__Your assignment__. Give every entry below again, exactly as written, and skip the images.

Data entries:
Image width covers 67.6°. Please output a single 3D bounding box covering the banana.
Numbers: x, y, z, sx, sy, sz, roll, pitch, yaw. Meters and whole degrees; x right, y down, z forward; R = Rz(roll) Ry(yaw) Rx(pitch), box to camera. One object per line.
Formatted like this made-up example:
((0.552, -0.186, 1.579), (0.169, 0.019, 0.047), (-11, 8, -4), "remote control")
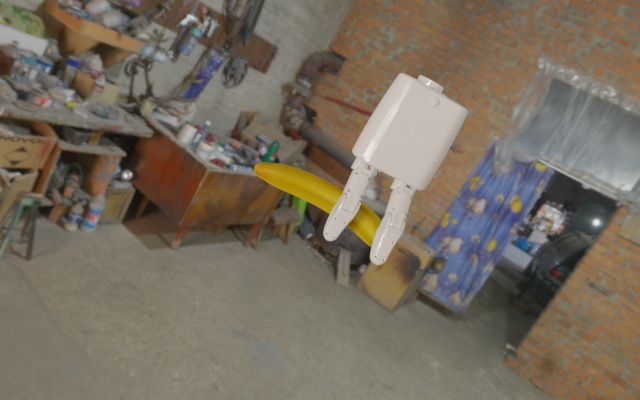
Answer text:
((0.009, 0.001, 0.607), (0.198, 0.037, 0.069), (33, 18, 11), "banana")
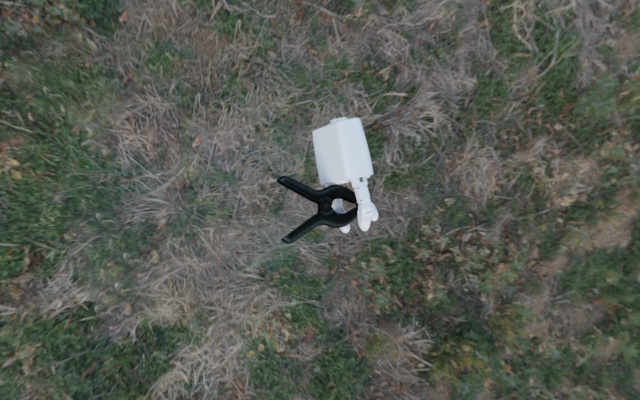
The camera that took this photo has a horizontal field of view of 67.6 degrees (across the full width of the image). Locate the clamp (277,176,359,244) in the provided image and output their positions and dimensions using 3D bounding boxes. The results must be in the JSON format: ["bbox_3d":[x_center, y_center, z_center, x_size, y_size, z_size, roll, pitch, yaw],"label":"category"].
[{"bbox_3d":[0.000,0.003,0.868,0.171,0.120,0.039,-12,2,-16],"label":"clamp"}]
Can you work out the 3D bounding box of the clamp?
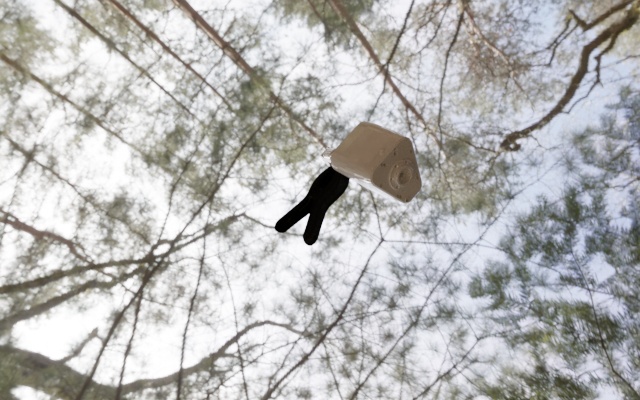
[{"bbox_3d":[0.001,0.003,0.801,0.039,0.171,0.120,42,-5,-35],"label":"clamp"}]
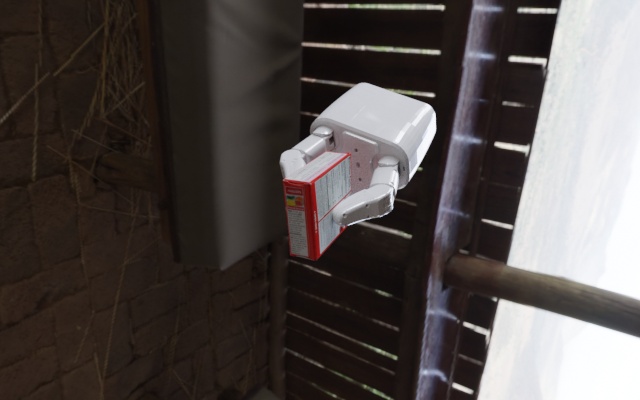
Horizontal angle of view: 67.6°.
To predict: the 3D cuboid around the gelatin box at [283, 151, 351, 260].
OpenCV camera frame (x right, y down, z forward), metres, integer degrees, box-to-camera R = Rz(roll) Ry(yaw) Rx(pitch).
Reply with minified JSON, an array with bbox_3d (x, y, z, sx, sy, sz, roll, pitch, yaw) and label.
[{"bbox_3d":[0.000,0.002,0.439,0.030,0.073,0.089,8,26,24],"label":"gelatin box"}]
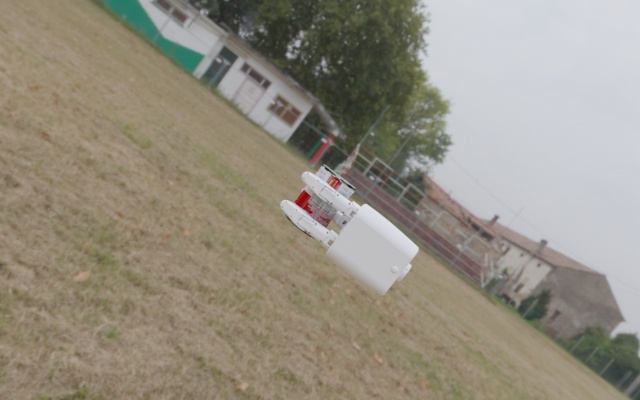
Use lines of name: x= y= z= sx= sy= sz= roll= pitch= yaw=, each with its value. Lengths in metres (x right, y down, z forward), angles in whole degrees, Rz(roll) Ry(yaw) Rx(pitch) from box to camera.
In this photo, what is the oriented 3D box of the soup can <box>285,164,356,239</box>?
soup can: x=0.000 y=0.002 z=0.760 sx=0.068 sy=0.102 sz=0.068 roll=37 pitch=5 yaw=-4
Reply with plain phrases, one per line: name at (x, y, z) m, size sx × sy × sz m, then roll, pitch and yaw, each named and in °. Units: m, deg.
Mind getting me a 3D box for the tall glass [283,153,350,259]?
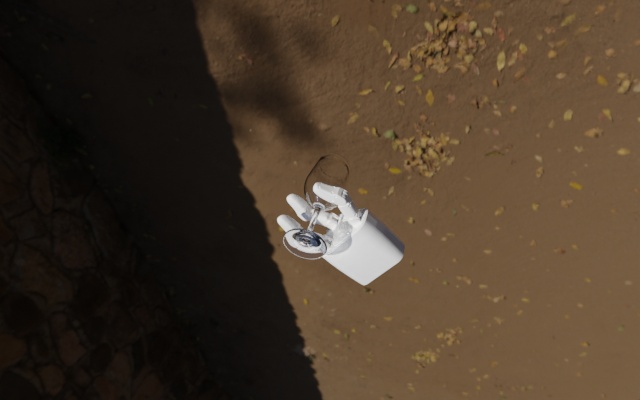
tall glass at (0.000, 0.003, 0.837) m, size 0.079 × 0.079 × 0.201 m, roll 0°, pitch 44°, yaw 21°
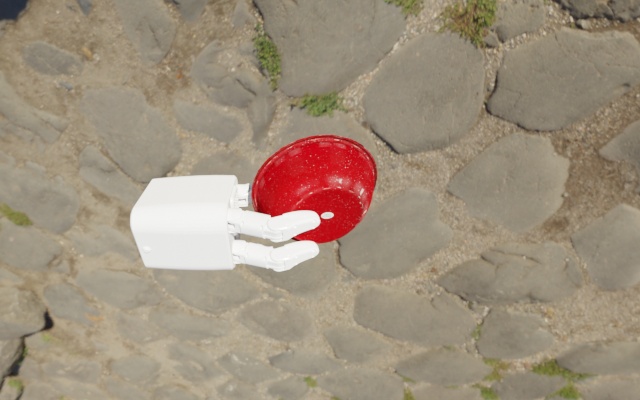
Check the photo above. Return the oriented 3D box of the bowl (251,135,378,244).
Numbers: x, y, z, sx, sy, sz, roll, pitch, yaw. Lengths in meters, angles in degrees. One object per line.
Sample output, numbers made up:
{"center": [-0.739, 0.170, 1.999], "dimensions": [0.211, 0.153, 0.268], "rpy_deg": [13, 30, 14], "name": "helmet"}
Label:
{"center": [0.001, 0.002, 0.578], "dimensions": [0.162, 0.162, 0.055], "rpy_deg": [0, 42, -19], "name": "bowl"}
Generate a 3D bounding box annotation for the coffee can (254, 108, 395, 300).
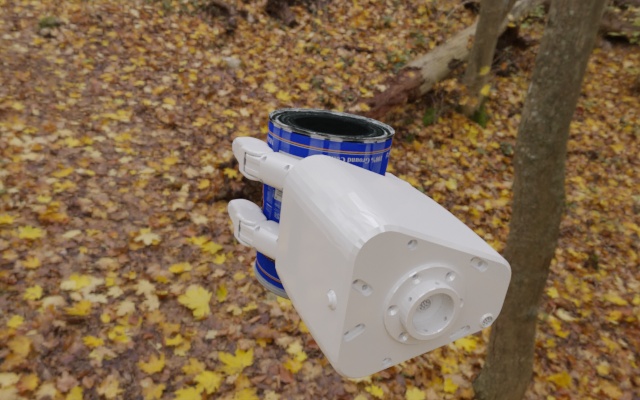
[{"bbox_3d":[0.000,0.001,0.408,0.103,0.140,0.102,7,21,-3],"label":"coffee can"}]
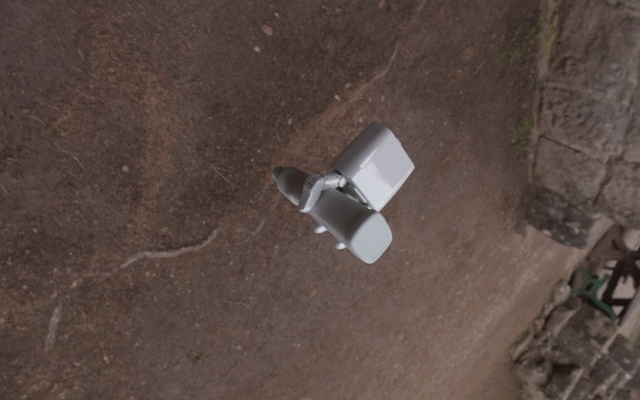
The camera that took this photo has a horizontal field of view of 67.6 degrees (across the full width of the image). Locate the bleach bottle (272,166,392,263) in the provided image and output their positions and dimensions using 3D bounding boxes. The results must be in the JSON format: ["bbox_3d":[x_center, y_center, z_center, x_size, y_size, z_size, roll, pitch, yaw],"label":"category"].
[{"bbox_3d":[0.000,0.003,0.785,0.250,0.068,0.103,36,-10,38],"label":"bleach bottle"}]
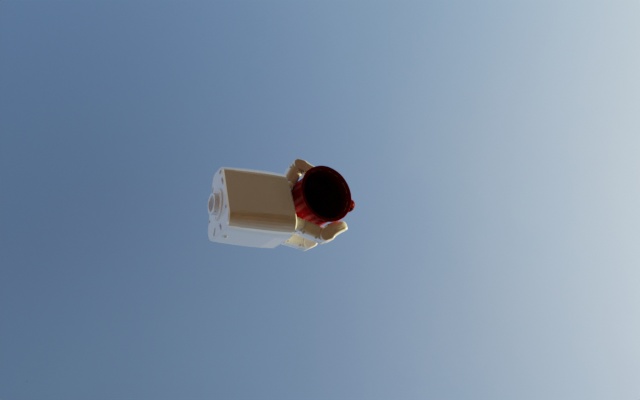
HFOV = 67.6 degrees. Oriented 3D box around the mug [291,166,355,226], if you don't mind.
[{"bbox_3d":[0.001,0.003,0.783,0.117,0.093,0.081,10,-23,-30],"label":"mug"}]
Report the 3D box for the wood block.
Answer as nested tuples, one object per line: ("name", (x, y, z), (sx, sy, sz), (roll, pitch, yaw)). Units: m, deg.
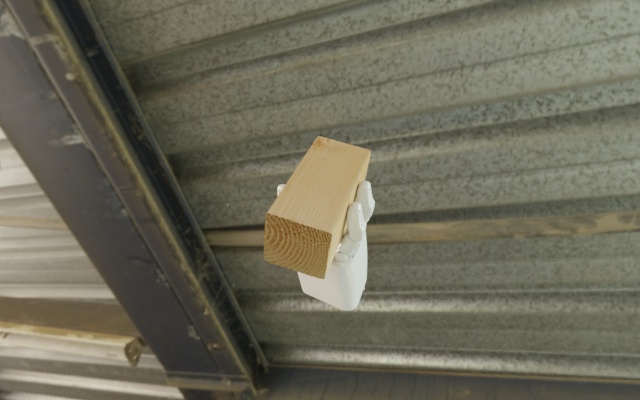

__Task output__.
Image width covers 67.6°. Please output a single 3D bounding box covering the banana.
Numbers: x, y, z, sx, sy, sz, roll, pitch, yaw. Meters and whole degrees; x right, y down, z forward; R = Rz(roll) Ry(yaw) Rx(pitch), box to camera. One object per line.
Formatted like this made-up example:
((0.552, -0.186, 1.579), (0.169, 0.019, 0.047), (-11, 8, -4), "remote control")
Answer text:
((0.009, 0.001, 0.607), (0.198, 0.037, 0.069), (33, 18, 11), "banana")
The camera that took this photo has a horizontal field of view of 67.6 degrees (across the full width of the image). Locate the clamp (277,176,359,244) in the provided image and output their positions and dimensions using 3D bounding boxes. The results must be in the JSON format: ["bbox_3d":[x_center, y_center, z_center, x_size, y_size, z_size, roll, pitch, yaw],"label":"category"].
[{"bbox_3d":[0.000,0.003,0.868,0.171,0.120,0.039,-12,2,-16],"label":"clamp"}]
Can you work out the 3D bounding box of the clamp?
[{"bbox_3d":[0.001,0.003,0.801,0.039,0.171,0.120,42,-5,-35],"label":"clamp"}]
Horizontal angle of view: 67.6°.
To predict: the 3D cuboid around the gelatin box at [283, 151, 351, 260].
OpenCV camera frame (x right, y down, z forward), metres, integer degrees, box-to-camera R = Rz(roll) Ry(yaw) Rx(pitch).
Reply with minified JSON, an array with bbox_3d (x, y, z, sx, sy, sz, roll, pitch, yaw) and label.
[{"bbox_3d":[0.000,0.002,0.439,0.030,0.073,0.089,8,26,24],"label":"gelatin box"}]
Use lines of name: x= y= z= sx= sy= sz= roll= pitch= yaw=, each with its value. Lengths in metres (x right, y down, z forward), angles in whole degrees, Rz(roll) Ry(yaw) Rx(pitch) from box to camera.
In this photo, what is the oriented 3D box of the soup can <box>285,164,356,239</box>?
soup can: x=0.000 y=0.002 z=0.760 sx=0.068 sy=0.102 sz=0.068 roll=37 pitch=5 yaw=-4
Reply with plain phrases, one per line: name at (x, y, z) m, size sx × sy × sz m, then roll, pitch and yaw, each named and in °. Units: m, deg.
Mind getting me a 3D box for the tall glass [283,153,350,259]?
tall glass at (0.000, 0.003, 0.837) m, size 0.079 × 0.079 × 0.201 m, roll 0°, pitch 44°, yaw 21°
Check the photo above. Return the oriented 3D box of the bowl (251,135,378,244).
Numbers: x, y, z, sx, sy, sz, roll, pitch, yaw. Lengths in meters, angles in degrees. One object per line.
Sample output, numbers made up:
{"center": [-0.739, 0.170, 1.999], "dimensions": [0.211, 0.153, 0.268], "rpy_deg": [13, 30, 14], "name": "helmet"}
Label:
{"center": [0.001, 0.002, 0.578], "dimensions": [0.162, 0.162, 0.055], "rpy_deg": [0, 42, -19], "name": "bowl"}
Generate a 3D bounding box annotation for the coffee can (254, 108, 395, 300).
[{"bbox_3d":[0.000,0.001,0.408,0.103,0.140,0.102,7,21,-3],"label":"coffee can"}]
The camera that took this photo has a horizontal field of view of 67.6 degrees (across the full width of the image). Locate the bleach bottle (272,166,392,263) in the provided image and output their positions and dimensions using 3D bounding boxes. The results must be in the JSON format: ["bbox_3d":[x_center, y_center, z_center, x_size, y_size, z_size, roll, pitch, yaw],"label":"category"].
[{"bbox_3d":[0.000,0.003,0.785,0.250,0.068,0.103,36,-10,38],"label":"bleach bottle"}]
HFOV = 67.6 degrees. Oriented 3D box around the mug [291,166,355,226], if you don't mind.
[{"bbox_3d":[0.001,0.003,0.783,0.117,0.093,0.081,10,-23,-30],"label":"mug"}]
Report the 3D box for the wood block.
Answer as nested tuples, one object per line: ("name", (x, y, z), (sx, sy, sz), (roll, pitch, yaw)). Units: m, deg.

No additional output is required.